*** Opening Data ***
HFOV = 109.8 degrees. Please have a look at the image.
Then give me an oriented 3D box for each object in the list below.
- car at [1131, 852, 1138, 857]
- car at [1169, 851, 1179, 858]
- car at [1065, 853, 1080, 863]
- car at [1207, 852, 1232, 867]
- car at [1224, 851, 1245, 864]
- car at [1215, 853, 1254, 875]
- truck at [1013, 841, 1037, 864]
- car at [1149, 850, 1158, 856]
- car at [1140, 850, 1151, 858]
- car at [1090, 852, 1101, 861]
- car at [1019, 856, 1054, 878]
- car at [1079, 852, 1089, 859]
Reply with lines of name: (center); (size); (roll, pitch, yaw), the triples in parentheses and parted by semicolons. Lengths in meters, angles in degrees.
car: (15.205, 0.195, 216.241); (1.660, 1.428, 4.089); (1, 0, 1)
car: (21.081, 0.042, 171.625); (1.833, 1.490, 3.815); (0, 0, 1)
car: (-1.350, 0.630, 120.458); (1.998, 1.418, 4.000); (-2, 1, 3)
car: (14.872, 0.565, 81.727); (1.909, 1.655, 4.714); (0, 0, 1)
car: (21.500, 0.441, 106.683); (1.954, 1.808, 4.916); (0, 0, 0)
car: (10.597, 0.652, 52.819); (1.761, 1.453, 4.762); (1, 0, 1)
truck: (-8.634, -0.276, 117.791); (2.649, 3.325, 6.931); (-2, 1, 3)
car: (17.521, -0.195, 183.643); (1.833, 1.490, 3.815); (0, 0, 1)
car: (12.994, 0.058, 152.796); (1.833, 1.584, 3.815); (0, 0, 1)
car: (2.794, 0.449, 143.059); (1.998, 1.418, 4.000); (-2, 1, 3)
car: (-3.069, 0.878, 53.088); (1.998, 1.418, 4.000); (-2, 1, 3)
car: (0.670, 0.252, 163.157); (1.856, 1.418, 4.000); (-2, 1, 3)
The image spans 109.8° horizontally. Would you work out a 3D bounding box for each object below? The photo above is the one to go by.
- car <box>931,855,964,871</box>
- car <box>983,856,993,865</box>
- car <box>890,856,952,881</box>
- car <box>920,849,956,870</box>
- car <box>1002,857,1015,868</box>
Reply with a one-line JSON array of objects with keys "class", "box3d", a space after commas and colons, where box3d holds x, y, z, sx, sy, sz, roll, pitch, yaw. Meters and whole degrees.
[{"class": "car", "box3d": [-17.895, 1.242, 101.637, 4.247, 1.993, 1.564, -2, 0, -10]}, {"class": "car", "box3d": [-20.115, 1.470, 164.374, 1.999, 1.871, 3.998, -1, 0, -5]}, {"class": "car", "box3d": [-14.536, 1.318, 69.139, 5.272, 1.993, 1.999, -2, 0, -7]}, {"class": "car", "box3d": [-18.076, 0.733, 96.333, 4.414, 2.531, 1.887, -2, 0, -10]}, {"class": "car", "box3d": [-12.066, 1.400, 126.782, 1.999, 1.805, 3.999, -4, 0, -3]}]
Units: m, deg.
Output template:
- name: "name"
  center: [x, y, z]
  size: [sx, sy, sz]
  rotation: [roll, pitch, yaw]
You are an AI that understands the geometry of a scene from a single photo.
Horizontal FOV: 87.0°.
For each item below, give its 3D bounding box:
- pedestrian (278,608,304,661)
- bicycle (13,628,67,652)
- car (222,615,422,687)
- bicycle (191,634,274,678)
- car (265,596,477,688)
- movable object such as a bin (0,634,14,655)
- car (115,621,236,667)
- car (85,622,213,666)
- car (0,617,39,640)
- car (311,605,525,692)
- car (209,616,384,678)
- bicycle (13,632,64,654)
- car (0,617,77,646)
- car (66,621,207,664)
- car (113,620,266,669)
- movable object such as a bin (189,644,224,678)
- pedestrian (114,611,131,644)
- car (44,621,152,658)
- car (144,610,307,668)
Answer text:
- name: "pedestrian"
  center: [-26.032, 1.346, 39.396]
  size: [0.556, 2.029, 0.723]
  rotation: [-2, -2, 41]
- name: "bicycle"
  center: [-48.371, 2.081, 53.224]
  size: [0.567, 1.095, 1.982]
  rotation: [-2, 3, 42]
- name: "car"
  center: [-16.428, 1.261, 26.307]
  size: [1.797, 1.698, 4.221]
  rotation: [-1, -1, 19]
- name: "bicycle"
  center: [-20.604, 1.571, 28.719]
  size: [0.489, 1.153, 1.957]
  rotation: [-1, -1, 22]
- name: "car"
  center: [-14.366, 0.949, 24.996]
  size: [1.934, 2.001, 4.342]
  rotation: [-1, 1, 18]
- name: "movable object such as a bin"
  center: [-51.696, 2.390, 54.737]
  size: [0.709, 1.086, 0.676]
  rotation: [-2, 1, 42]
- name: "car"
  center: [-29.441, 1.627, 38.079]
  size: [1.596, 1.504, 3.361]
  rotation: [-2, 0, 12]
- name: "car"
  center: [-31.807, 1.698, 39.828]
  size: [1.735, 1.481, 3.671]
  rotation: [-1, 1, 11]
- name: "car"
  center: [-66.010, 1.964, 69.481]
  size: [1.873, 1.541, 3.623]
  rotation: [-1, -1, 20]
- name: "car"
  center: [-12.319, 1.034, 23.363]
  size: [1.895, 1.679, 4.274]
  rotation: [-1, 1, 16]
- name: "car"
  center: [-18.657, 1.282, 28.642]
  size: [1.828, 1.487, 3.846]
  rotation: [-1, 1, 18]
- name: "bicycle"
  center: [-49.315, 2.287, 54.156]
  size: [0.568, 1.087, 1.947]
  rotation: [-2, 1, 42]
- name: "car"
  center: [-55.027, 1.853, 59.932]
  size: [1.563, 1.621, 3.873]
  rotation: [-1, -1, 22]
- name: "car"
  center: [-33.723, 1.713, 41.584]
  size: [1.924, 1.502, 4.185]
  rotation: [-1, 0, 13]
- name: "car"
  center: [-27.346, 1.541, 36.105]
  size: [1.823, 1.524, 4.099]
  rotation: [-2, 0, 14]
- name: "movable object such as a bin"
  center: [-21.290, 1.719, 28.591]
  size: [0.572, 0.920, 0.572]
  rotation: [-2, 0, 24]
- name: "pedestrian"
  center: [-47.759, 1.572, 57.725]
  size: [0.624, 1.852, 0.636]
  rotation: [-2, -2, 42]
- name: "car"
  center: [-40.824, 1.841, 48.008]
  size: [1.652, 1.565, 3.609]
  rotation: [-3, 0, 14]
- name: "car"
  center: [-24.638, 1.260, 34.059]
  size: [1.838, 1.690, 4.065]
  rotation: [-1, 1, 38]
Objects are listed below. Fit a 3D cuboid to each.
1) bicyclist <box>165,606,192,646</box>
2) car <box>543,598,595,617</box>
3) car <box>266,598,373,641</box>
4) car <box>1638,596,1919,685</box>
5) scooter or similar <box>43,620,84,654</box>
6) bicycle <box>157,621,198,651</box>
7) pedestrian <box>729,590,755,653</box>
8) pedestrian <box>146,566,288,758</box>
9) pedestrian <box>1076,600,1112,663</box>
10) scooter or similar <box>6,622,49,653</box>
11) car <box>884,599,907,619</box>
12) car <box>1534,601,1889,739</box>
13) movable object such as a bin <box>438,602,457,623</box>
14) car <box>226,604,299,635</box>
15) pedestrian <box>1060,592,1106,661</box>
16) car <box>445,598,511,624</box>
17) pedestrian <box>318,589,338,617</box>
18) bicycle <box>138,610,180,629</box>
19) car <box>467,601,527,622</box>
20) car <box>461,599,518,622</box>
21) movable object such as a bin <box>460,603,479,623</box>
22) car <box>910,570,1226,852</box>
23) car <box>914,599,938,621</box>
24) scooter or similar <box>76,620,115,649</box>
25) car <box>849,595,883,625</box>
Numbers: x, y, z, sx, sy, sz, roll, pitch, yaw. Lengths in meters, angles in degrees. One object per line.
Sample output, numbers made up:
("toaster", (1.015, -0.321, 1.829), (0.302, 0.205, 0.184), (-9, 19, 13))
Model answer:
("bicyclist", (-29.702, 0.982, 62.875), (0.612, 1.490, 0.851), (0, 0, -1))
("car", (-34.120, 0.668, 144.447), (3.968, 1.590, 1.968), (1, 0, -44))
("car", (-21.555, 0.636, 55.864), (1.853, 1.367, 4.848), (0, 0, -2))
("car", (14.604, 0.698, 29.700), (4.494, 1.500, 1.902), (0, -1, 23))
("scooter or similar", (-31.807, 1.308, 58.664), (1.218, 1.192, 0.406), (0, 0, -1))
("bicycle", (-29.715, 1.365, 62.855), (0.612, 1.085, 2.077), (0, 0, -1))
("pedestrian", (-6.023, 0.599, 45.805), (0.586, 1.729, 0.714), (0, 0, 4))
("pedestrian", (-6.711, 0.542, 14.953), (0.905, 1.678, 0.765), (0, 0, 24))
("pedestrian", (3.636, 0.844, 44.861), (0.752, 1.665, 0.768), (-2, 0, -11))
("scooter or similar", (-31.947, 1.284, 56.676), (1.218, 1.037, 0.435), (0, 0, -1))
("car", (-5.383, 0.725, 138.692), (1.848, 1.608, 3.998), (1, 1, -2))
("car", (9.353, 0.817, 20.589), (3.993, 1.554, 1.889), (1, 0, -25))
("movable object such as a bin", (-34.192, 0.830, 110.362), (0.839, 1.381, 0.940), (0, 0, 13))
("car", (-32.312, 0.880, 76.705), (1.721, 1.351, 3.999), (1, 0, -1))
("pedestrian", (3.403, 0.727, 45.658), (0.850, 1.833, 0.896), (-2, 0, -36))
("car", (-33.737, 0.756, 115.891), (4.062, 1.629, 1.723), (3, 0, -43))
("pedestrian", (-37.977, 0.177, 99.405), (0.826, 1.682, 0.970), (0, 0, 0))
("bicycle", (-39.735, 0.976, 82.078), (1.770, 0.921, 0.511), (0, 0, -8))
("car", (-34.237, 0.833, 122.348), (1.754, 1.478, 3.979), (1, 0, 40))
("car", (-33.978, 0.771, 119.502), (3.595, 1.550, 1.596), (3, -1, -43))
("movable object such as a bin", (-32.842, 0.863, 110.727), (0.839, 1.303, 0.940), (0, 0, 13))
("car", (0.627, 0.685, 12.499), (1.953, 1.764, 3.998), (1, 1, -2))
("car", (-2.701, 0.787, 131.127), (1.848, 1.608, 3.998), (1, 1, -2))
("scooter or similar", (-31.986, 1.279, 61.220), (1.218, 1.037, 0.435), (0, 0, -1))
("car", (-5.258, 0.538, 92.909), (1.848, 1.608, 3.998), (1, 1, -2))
*** Closing Data ***
• **Aim of the exercise**
Return the lines above precisely as they appear, beginning at the first line and ending at the line with "- car at [1079, 852, 1089, 859]", and nothing after it.

• **Exercise solution**
HFOV = 109.8 degrees. Please have a look at the image.
Then give me an oriented 3D box for each object in the list below.
- car at [1131, 852, 1138, 857]
- car at [1169, 851, 1179, 858]
- car at [1065, 853, 1080, 863]
- car at [1207, 852, 1232, 867]
- car at [1224, 851, 1245, 864]
- car at [1215, 853, 1254, 875]
- truck at [1013, 841, 1037, 864]
- car at [1149, 850, 1158, 856]
- car at [1140, 850, 1151, 858]
- car at [1090, 852, 1101, 861]
- car at [1019, 856, 1054, 878]
- car at [1079, 852, 1089, 859]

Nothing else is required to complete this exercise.